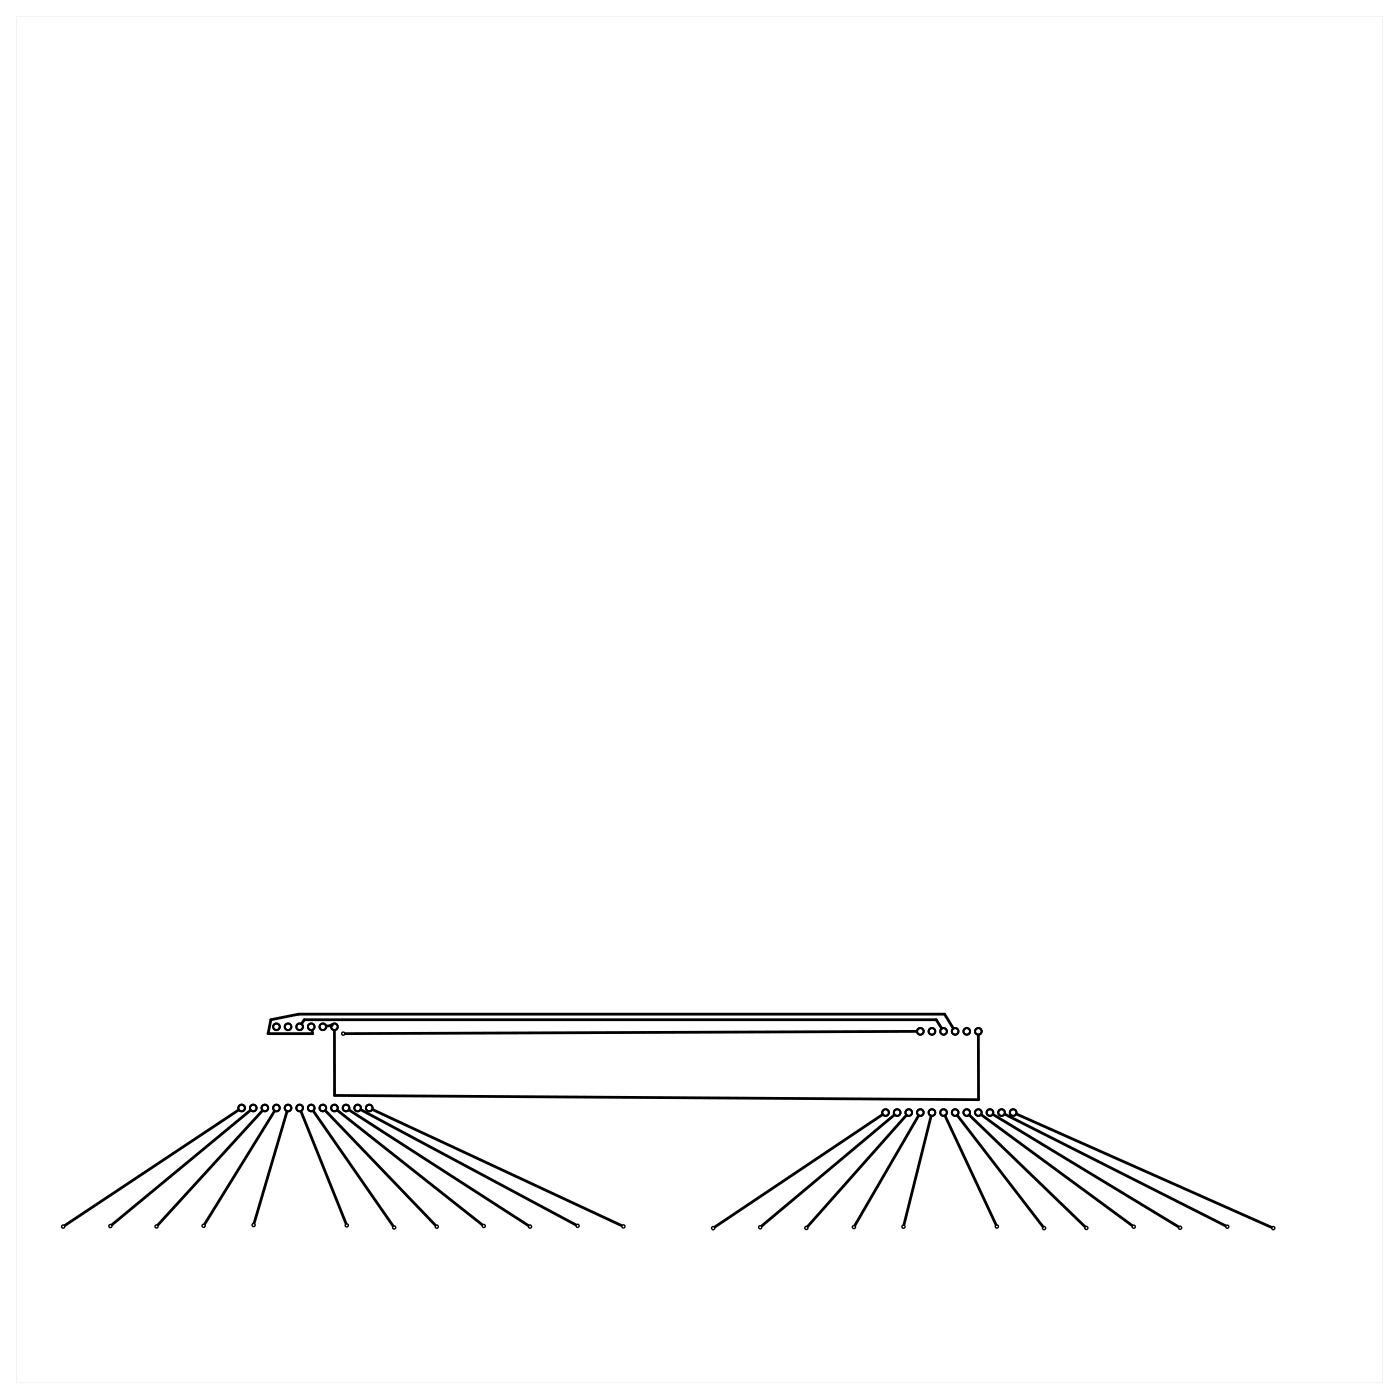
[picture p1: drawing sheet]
<svg xmlns="http://www.w3.org/2000/svg" width="307mm" height="307mm" viewBox="0 0 307 307" stroke-linecap="round" stroke-linejoin="round" font-family="sans-serif">
<path d="M3.6 3.6h299.2v299.2h-299.2zM3.6 3.6v299.2h299.2v-299.2z" fill="#000"/>
<g fill="none" stroke="#000" stroke-width=".3">
<circle cx="75.2" cy="226.3" r=".35"/>
<circle cx="13.8" cy="268.6" r=".35"/>
<circle cx="24.2" cy="268.5" r=".35"/>
<circle cx="34.3" cy="268.6" r=".35"/>
<circle cx="44.6" cy="268.4" r=".35"/>
<circle cx="55.5" cy="268.2" r=".35"/>
<circle cx="75.9" cy="268.3" r=".35"/>
<circle cx="86.3" cy="268.8" r=".35"/>
<circle cx="95.6" cy="268.6" r=".35"/>
<circle cx="105.9" cy="268.5" r=".35"/>
<circle cx="116.1" cy="268.6" r=".35"/>
<circle cx="126.5" cy="268.4" r=".35"/>
<circle cx="136.5" cy="268.6" r=".35"/>
<circle cx="156.2" cy="268.9" r=".35"/>
<circle cx="166.5" cy="268.7" r=".35"/>
<circle cx="176.6" cy="268.9" r=".35"/>
<circle cx="187" cy="268.7" r=".35"/>
<circle cx="197.8" cy="268.6" r=".35"/>
<circle cx="218.3" cy="268.6" r=".35"/>
<circle cx="228.6" cy="268.9" r=".35"/>
<circle cx="237.9" cy="268.9" r=".35"/>
<circle cx="248.3" cy="268.6" r=".35"/>
<circle cx="258.4" cy="268.8" r=".35"/>
<circle cx="268.7" cy="268.6" r=".35"/>
<circle cx="278.8" cy="268.9" r=".35"/>
</g>
<g fill="none" stroke="#000" stroke-width=".43">
<circle cx="60.5" cy="224.8" r=".72"/>
<circle cx="63.1" cy="224.8" r=".72"/>
<circle cx="65.6" cy="224.8" r=".72"/>
<circle cx="68.2" cy="224.8" r=".72"/>
<circle cx="70.7" cy="224.8" r=".72"/>
<circle cx="73.2" cy="224.8" r=".72"/>
<circle cx="201.5" cy="225.8" r=".72"/>
<circle cx="204.1" cy="225.8" r=".72"/>
<circle cx="206.6" cy="225.8" r=".72"/>
<circle cx="209.2" cy="225.8" r=".72"/>
<circle cx="211.7" cy="225.8" r=".72"/>
<circle cx="214.2" cy="225.8" r=".72"/>
<circle cx="52.9" cy="242.6" r=".72"/>
<circle cx="55.5" cy="242.6" r=".72"/>
<circle cx="58" cy="242.6" r=".72"/>
<circle cx="60.5" cy="242.6" r=".72"/>
<circle cx="63.1" cy="242.6" r=".72"/>
<circle cx="65.6" cy="242.6" r=".72"/>
<circle cx="68.2" cy="242.6" r=".72"/>
<circle cx="70.7" cy="242.6" r=".72"/>
<circle cx="73.2" cy="242.6" r=".72"/>
<circle cx="75.8" cy="242.6" r=".72"/>
<circle cx="78.3" cy="242.6" r=".72"/>
<circle cx="80.9" cy="242.6" r=".72"/>
<circle cx="193.9" cy="243.6" r=".72"/>
<circle cx="196.5" cy="243.6" r=".72"/>
<circle cx="199" cy="243.6" r=".72"/>
<circle cx="201.5" cy="243.6" r=".72"/>
<circle cx="204.1" cy="243.6" r=".72"/>
<circle cx="206.6" cy="243.6" r=".72"/>
<circle cx="209.2" cy="243.6" r=".72"/>
<circle cx="211.7" cy="243.6" r=".72"/>
<circle cx="214.2" cy="243.6" r=".72"/>
<circle cx="216.8" cy="243.6" r=".72"/>
<circle cx="219.3" cy="243.6" r=".72"/>
<circle cx="221.9" cy="243.6" r=".72"/>
</g>
<g fill="none" stroke="#000" stroke-width=".61">
<path d="M66 224.2l.6-.9h138.4l1.2 1.9M72.6 224.4l.1 .1-1.2 .2M73.2 225.6l.1 14.3 141 .9-.1-14.2M200.7 225.8l-125.1 .5M208.7 225.2l-1.9-3.1h-141.4l-6.1 1.2-.6 3h9.8l-.2-.7M52.3 243.1l-38.1 25.2M54.8 243.1l-30.3 25.1M57.5 243.2l-22.9 25M60.1 243.3l-15.3 24.7M62.8 243.4l-7.1 24.4M65.9 243.4l9.9 24.5M68.6 243.3l17.4 25.1"/>
<path d="M71.2 243.2l24.1 25.1M73.9 243.1l31.7 25.1M76.4 243l39.2 25.3M79 243l47 25.2M81.6 243l54.5 25.4M193.3 244.1l-36.7 24.6M195.8 244.1l-29 24.3M198.5 244.2l-21.6 24.3M201.1 244.3l-13.9 24M203.9 244.4l-5.9 23.7M206.9 244.3l11.2 23.8M209.6 244.2l18.7 24.3"/>
<path d="M212.3 244.2l25.2 24.4M214.9 244.1l33 24.2M217.4 244l40.6 24.6M220 244l48.3 24.4M222.6 243.9l55.8 24.8"/>
</g>
</svg>

##############################

Aim of the task:
Find the word "fill" in the records. Copy every line it appears in.

Answer below:
<path d="M3.6 3.6h299.2v299.2h-299.2zM3.6 3.6v299.2h299.2v-299.2z" fill="#000"/>
<g fill="none" stroke="#000" stroke-width=".3">
<g fill="none" stroke="#000" stroke-width=".43">
<g fill="none" stroke="#000" stroke-width=".61">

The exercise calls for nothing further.